_Problem description_
From the first line of the data below, repeat each line exactly until you reach the line with "5. traffic island"; include that line too.

_Material supplied_
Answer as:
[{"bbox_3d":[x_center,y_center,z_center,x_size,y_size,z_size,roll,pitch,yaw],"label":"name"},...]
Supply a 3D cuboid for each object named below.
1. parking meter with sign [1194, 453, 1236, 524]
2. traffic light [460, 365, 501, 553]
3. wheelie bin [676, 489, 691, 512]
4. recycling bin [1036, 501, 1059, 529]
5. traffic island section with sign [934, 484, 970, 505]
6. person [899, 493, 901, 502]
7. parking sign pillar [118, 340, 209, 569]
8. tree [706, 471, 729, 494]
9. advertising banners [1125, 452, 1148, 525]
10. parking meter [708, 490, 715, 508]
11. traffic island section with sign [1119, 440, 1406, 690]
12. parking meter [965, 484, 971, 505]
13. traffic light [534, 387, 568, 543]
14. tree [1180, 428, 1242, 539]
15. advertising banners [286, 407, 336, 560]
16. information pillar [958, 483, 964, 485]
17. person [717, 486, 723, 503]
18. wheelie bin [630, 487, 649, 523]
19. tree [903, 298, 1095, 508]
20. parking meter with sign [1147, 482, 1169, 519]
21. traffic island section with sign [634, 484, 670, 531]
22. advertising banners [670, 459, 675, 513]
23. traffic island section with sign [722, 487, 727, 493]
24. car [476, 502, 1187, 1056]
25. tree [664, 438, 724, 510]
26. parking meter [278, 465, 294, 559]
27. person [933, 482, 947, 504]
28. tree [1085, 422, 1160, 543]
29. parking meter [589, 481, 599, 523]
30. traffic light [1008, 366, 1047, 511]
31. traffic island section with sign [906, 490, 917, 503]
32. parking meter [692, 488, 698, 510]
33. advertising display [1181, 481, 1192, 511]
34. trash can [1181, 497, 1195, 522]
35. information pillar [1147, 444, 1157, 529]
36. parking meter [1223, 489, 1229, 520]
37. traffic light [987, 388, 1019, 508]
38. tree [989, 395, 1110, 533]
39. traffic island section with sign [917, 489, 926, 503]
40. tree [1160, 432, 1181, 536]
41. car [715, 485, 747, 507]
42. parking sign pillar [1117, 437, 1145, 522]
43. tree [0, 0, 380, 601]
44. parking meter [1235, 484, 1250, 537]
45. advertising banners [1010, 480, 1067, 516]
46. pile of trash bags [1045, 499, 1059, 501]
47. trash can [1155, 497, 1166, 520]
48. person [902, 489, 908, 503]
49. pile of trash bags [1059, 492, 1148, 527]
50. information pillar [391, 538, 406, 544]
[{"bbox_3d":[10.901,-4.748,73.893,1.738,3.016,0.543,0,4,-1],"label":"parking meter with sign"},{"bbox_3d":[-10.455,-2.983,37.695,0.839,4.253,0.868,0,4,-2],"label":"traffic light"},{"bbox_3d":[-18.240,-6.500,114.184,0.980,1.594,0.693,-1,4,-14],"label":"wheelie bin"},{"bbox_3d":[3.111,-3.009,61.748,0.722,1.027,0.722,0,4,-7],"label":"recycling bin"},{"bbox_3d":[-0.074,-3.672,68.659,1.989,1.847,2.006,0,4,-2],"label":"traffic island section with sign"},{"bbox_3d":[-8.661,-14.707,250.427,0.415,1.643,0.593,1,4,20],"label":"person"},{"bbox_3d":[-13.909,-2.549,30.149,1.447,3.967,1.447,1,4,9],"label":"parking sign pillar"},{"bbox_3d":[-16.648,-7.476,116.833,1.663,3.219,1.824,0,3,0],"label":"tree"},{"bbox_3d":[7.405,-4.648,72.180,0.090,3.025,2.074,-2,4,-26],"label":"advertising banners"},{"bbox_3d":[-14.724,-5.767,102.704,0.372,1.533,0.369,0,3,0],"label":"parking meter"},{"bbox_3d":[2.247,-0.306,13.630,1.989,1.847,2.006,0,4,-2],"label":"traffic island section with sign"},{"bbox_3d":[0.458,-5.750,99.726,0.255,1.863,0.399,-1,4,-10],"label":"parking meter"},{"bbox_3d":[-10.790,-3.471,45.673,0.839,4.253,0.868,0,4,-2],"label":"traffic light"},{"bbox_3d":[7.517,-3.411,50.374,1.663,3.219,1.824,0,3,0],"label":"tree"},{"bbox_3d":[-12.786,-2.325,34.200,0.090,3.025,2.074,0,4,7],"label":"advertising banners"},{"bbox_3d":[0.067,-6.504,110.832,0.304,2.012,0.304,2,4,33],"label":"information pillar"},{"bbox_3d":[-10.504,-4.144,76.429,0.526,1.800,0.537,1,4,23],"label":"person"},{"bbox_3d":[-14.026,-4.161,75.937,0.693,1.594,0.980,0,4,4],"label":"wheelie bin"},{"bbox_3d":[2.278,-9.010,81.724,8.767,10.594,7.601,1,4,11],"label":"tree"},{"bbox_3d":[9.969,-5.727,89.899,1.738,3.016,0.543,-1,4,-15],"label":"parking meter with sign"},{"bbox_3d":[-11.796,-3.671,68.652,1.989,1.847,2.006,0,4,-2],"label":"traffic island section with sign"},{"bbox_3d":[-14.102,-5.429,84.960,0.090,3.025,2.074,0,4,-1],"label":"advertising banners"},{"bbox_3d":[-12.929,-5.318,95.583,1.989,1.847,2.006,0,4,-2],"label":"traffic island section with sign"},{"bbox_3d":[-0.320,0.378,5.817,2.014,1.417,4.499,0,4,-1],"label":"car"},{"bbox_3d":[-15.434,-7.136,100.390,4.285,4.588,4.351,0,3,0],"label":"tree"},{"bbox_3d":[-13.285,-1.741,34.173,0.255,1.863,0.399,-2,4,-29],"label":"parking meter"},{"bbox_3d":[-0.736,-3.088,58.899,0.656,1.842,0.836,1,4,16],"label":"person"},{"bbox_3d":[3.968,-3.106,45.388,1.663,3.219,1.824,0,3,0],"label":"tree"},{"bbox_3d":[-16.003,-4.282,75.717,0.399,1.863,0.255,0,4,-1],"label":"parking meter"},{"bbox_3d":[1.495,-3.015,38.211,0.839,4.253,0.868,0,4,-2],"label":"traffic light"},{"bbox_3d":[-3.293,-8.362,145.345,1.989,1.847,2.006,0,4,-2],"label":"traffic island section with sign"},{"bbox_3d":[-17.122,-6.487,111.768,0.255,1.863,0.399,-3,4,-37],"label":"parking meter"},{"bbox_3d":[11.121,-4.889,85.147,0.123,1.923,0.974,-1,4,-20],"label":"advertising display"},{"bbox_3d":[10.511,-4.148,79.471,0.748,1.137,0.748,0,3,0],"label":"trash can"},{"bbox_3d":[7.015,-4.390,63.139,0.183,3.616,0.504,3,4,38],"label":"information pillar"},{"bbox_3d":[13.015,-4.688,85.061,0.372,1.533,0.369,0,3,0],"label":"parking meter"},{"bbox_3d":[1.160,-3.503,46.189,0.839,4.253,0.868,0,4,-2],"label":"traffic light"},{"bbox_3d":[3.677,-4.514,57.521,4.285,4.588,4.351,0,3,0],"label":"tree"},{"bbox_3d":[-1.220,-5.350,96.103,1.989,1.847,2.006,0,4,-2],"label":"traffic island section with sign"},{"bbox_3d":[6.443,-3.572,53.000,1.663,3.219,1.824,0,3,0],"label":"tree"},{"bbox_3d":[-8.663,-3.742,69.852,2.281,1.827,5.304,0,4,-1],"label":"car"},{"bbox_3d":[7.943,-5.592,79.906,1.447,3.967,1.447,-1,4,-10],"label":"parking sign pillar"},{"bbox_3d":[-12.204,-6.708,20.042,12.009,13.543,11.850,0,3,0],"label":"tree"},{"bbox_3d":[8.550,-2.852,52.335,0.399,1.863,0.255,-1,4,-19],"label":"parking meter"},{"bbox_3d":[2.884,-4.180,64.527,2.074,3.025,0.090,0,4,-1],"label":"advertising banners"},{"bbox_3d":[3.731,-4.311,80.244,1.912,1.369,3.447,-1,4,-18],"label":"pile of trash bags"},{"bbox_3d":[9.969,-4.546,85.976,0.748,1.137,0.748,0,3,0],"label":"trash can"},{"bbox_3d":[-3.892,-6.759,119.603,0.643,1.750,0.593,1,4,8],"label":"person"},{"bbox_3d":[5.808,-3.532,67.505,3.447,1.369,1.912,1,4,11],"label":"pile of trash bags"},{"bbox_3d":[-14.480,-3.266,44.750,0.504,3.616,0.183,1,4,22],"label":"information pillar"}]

_Reply to the exercise_
Answer as:
[{"bbox_3d":[x_center,y_center,z_center,x_size,y_size,z_size,roll,pitch,yaw],"label":"name"},...]
Supply a 3D cuboid for each object named below.
1. parking meter with sign [1194, 453, 1236, 524]
2. traffic light [460, 365, 501, 553]
3. wheelie bin [676, 489, 691, 512]
4. recycling bin [1036, 501, 1059, 529]
5. traffic island section with sign [934, 484, 970, 505]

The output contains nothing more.